А я снова впился взглядом в подходящую Ленку. Да, это - она. Джинсы на коленях, в сухой глине (ну за последние годы ход изрядно подзасыпало), кофточка тоже пылит. Она, конечно, слегка отряхнулась, но все равно заметно. Ленка же дошла до толпы за оцеплением и затерялась там. Хотя я по прежнему её видел и шёл навстречу ей.
И вот тут то и началось раздвоение у меня. Что делать-то? Сдать её ментам? Ведь террористка получается! Что-то там взорвать пыталась. Но блин, даже если она действительно виновата, это же Ленка! Сдать её - это как предать самого себя! Предать все, что у нас было. И плохого и хорошего. Все предать!
А если не сдавать? Тогда получается придется начинать наши отношения сначала? (Не ищите тут логику, я и сам офигел когда проснулся, какая связь вообще? Но во сне я чётко знал, что если я промолчу и не сдам её, то у нас начнутся новые отношения! Не об этом ли я мечтал ещё не один год после расставания с ней?)
И я внезапно понял, что не хочу этого! Точнее хотел бы, но я понял, что ничего не получится. Эти новые-старые отношения не принесут ничего кроме разочарования. Она изменилась! Стала старше, спокойней... Да просто - другой! Это уже давно не та Ленка, с которой я встречался... Да даже если бы она не изменилась с тех пор, все равно. Я изменился! И того что было уже не вернуть никак. А попытка вернуть принесёт только разочарование.
Что выбрать? Предательство или разочарование? Не хочется ни того, ни другого. Но почему-то третьего варианта я во сне не видел. Или-или. Так раздираемый этим противоречивым и невеселым выбором я и проснулся.
Сон третий. Молоток.
Я вздохнул полной грудью прохладный ночной воздух и раздражение, разъедавшее душу, немного успокоились. Да, дела по прежнему оставались хреновыми, но этот воздух...
А дела были действительно неважнецкие, раз мне в свои сорок лет, как какому-то пацану из девяностых приходится опять выходить "на промысел". Да-да, в "святые девяностые" мы в свои
юные годы выживали кто как мог. Нарушал закон и я... И если разбой и грабежи для меня было слишком круто, то вот кражи... Самые безопасные. С дач (благо дачи окружали наш поселок с трех сторон) в зимний период, когда там никого нет. А если кто и появляется, то по следам на снегу это сразу видно.

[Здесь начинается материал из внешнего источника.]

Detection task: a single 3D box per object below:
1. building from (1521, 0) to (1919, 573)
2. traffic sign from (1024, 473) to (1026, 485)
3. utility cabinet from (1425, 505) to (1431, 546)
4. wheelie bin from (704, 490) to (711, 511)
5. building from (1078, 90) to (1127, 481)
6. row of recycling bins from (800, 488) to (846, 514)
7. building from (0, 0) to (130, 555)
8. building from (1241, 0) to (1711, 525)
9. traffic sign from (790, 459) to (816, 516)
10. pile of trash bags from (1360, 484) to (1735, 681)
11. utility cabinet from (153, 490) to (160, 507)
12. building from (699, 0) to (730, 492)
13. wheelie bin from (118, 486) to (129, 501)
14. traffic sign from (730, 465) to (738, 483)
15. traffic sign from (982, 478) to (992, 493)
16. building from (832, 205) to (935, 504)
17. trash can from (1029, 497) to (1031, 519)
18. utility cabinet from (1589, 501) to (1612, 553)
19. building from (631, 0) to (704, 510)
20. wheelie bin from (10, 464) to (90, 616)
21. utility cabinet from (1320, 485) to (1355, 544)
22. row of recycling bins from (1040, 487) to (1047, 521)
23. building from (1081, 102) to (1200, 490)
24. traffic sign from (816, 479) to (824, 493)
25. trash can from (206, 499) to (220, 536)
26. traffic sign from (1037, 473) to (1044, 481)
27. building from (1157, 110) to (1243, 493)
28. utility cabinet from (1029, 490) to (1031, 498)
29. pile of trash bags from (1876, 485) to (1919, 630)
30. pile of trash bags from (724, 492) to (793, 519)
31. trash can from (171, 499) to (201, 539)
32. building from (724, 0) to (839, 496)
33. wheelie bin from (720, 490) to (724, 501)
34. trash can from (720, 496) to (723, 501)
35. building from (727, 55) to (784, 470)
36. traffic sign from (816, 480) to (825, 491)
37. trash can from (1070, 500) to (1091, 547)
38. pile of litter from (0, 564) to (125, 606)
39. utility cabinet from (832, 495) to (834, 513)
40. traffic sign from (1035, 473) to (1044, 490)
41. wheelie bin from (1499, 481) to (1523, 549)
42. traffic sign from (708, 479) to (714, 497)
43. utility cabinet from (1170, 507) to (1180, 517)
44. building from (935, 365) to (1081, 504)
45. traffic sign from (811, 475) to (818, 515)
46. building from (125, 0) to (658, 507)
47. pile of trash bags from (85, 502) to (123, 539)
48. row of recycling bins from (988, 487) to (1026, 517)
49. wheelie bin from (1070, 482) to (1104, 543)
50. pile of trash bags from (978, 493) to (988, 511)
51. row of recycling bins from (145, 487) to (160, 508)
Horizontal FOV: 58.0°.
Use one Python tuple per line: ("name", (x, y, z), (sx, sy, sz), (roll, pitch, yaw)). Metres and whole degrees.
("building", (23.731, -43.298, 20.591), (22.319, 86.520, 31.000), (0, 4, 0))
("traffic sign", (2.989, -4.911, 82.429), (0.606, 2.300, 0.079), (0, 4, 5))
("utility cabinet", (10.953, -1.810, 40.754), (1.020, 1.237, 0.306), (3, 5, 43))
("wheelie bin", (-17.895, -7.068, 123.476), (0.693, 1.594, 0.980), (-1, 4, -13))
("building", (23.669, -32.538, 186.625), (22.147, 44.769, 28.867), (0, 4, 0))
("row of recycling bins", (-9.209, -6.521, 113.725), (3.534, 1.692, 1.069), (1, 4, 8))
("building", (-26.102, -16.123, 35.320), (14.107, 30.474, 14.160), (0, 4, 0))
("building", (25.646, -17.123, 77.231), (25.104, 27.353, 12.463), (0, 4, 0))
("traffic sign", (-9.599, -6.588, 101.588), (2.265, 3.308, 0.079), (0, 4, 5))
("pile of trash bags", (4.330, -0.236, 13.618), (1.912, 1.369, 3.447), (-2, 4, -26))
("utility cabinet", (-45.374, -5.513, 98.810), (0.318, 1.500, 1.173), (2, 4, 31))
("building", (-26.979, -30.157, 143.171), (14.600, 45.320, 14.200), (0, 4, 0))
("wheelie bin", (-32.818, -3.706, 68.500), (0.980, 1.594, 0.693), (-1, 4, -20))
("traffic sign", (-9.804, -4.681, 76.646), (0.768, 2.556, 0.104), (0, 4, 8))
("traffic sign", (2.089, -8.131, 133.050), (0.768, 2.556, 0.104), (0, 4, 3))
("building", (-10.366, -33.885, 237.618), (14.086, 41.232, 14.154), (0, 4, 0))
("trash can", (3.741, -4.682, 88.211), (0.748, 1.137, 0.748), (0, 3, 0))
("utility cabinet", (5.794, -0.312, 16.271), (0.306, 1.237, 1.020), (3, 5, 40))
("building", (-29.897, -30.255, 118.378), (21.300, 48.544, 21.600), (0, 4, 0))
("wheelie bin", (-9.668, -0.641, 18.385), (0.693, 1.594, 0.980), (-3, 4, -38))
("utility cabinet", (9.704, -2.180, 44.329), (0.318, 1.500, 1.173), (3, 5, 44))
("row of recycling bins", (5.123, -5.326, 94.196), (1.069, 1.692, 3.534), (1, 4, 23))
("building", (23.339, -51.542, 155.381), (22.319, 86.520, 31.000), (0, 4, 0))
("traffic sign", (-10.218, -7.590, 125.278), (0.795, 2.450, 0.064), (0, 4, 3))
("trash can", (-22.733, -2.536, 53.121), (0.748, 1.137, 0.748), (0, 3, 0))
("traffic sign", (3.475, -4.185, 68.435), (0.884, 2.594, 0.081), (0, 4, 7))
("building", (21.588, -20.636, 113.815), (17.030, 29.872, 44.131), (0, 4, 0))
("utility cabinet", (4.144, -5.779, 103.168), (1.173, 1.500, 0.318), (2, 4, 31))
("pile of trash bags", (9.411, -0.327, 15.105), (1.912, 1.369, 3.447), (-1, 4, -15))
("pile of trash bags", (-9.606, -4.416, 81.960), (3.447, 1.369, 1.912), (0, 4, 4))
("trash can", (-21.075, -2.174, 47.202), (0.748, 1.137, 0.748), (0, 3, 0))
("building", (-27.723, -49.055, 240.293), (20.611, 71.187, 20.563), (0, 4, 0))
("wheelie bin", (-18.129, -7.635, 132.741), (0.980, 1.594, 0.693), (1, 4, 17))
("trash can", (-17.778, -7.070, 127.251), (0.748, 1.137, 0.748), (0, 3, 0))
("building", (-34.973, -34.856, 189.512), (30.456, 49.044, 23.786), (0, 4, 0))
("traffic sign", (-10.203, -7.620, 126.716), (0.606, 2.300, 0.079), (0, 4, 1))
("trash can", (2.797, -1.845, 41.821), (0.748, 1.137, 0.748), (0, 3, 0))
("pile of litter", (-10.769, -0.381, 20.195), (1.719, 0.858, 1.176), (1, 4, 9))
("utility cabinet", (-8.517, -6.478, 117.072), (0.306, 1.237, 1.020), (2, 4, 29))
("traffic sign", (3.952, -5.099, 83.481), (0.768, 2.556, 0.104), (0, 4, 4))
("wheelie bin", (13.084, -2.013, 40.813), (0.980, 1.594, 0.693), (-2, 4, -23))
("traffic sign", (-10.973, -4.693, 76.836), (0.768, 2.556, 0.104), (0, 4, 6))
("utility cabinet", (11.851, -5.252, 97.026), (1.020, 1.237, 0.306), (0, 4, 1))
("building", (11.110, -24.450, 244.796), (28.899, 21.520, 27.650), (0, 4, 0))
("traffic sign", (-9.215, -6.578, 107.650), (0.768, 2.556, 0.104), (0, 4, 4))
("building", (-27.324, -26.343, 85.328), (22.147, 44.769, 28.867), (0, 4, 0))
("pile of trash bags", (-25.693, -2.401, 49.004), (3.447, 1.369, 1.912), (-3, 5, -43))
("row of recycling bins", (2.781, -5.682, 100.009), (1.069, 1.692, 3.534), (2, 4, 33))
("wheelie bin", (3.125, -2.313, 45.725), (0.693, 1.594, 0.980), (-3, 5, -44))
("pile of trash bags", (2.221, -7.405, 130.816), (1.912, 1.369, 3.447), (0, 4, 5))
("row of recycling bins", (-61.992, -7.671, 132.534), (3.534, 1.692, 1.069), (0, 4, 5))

Собирал цветмет, конечно же - тогда его еще было много, а цену за него давали по тем временам неплохую) не брезговал и продуктами. Сколько было в этом "промысле" реальной необходимости (а сидеть на шее у матери, тянувшей воз хозяйства в самое тяжёлое время в одиночку, было жутко стыдно. Но работы нет. Опытные мужики сидят без работы, спиваясь с безнадеги, кто ж возьмёт молодого без малейшего опыта работы? А помочь матери хотелось. Ну хоть так!) А сколько в этом было от юношеского романтизма (а в девяностые уголовная романтика цвела во всю. И пусть меня она зацепила самым краем, но ведь зацепила же! Ночь, луна, преступление, адреналин... Р-романтика, тудыт ее!)